Work to complete »
Copy each line below that has "REPLACE".

*** Given records ***

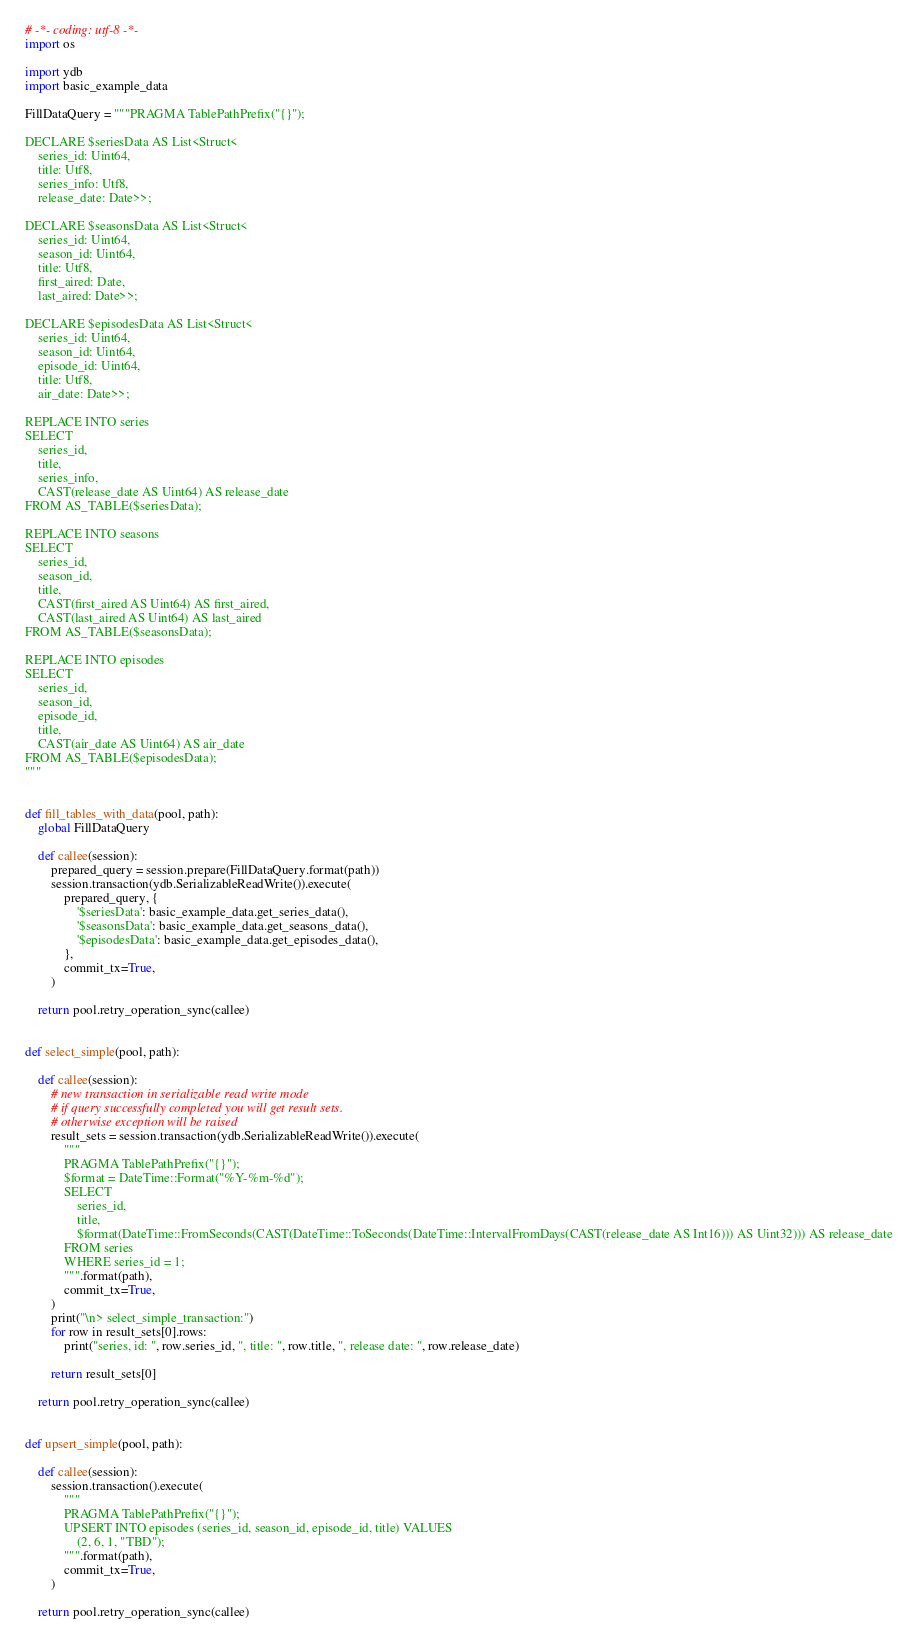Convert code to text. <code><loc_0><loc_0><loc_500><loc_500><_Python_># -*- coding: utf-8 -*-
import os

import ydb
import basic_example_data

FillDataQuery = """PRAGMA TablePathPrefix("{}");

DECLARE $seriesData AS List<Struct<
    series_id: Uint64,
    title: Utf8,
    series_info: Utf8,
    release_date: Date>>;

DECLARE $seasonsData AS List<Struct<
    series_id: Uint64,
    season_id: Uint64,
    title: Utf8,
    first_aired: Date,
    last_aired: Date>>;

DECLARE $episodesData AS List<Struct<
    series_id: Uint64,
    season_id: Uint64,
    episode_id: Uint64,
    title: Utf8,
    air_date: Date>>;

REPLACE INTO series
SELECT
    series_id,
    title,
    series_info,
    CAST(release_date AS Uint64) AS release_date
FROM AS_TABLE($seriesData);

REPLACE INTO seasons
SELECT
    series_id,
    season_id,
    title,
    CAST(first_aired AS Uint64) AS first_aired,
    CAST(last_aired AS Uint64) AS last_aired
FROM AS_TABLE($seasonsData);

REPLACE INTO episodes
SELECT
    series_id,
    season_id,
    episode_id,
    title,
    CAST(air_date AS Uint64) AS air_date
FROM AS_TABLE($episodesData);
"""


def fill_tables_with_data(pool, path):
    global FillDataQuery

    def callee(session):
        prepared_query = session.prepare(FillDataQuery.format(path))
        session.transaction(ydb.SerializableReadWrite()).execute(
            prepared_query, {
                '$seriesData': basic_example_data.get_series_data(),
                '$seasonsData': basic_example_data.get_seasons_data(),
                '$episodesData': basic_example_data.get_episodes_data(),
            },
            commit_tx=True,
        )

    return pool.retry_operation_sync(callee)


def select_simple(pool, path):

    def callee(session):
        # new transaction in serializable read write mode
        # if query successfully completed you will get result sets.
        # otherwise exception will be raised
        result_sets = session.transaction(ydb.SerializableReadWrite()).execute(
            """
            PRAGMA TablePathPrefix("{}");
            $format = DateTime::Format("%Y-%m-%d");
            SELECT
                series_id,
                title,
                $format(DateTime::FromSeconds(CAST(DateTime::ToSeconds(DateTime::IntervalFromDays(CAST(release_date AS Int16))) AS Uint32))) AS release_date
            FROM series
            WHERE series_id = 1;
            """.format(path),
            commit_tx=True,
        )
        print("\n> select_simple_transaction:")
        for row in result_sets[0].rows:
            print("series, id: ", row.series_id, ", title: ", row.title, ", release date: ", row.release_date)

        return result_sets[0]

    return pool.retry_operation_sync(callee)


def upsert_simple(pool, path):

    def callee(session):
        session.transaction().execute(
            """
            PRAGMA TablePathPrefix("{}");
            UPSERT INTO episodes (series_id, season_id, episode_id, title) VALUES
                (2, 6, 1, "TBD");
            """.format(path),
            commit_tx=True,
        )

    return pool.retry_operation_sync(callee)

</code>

***

Written reply »
REPLACE INTO series
REPLACE INTO seasons
REPLACE INTO episodes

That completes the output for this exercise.